- **Requirement**
Return the data below exactly, stopping after the line with "An invented example".

(Stored data entries)
------------------------------------------------------------------------
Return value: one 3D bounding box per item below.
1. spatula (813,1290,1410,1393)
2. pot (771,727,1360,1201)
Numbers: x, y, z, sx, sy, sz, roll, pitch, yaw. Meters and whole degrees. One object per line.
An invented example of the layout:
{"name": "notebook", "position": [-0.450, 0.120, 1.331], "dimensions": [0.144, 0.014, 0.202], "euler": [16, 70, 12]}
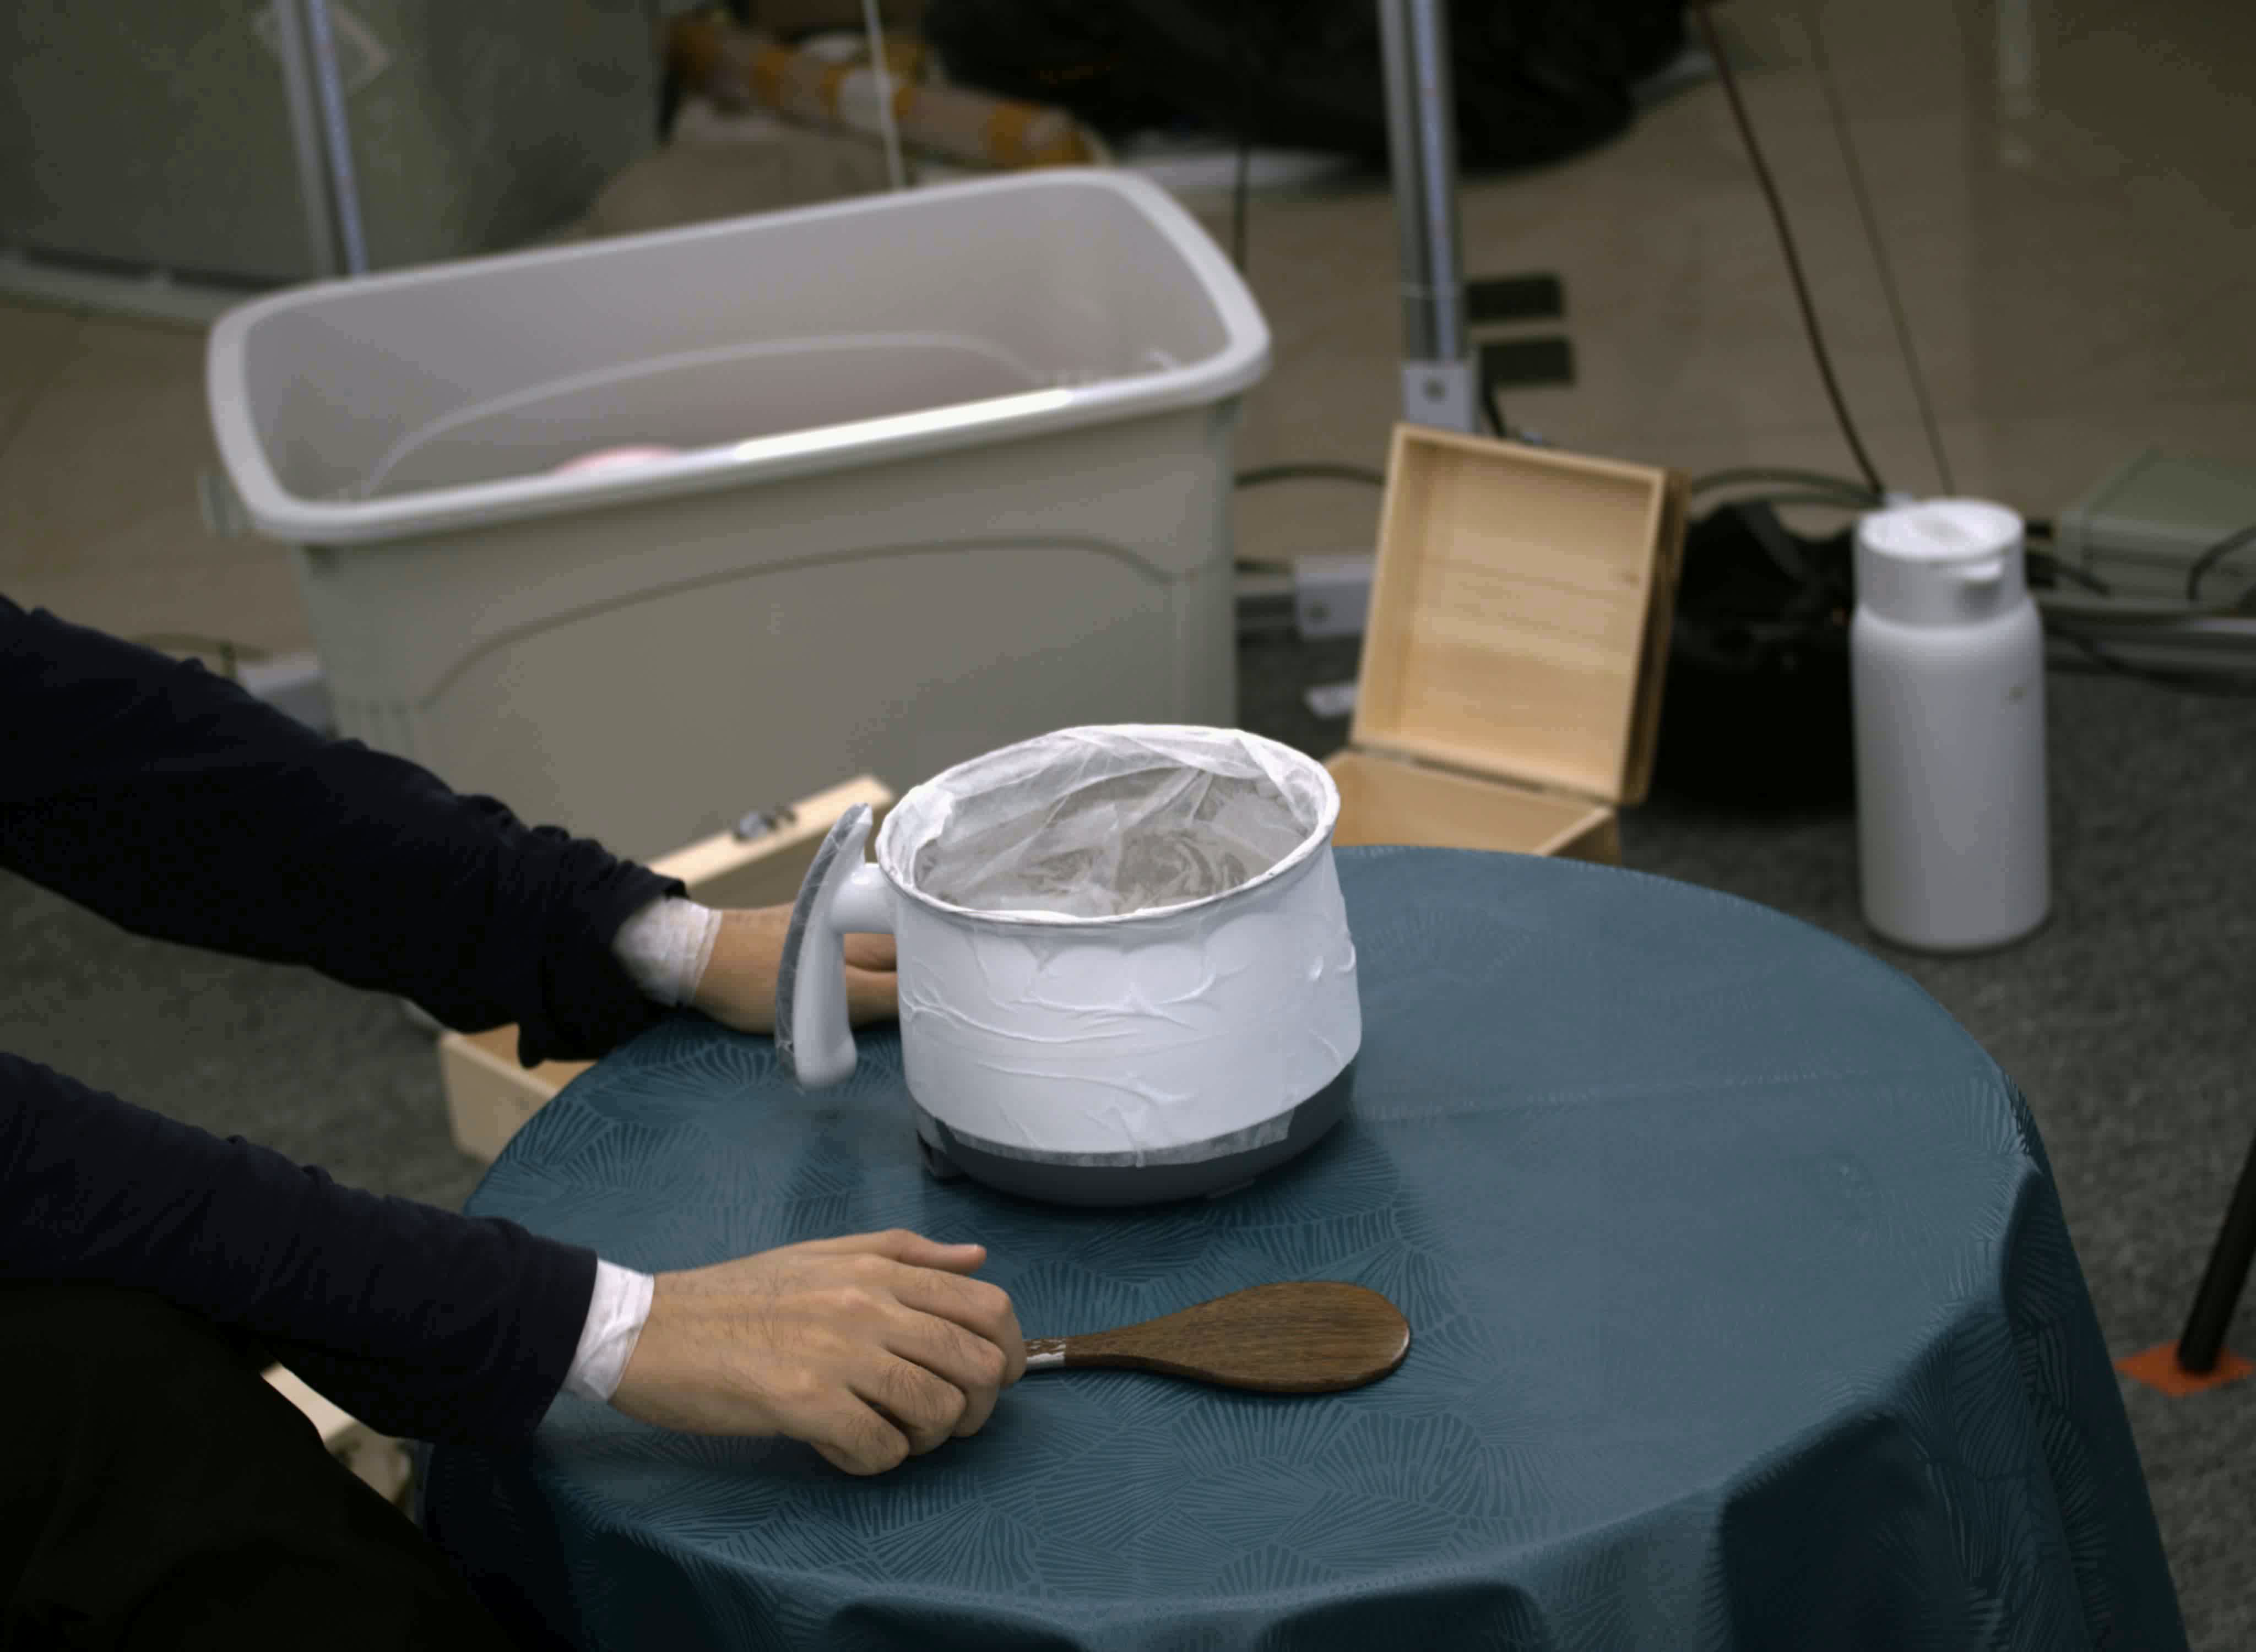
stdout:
------------------------------------------------------------------------
- **Task response**
Return value: one 3D bounding box per item below.
1. spatula (813,1290,1410,1393)
2. pot (771,727,1360,1201)
Numbers: x, y, z, sx, sy, sz, roll, pitch, yaw. Meters and whole degrees. One object per line.
An invented example of the layout:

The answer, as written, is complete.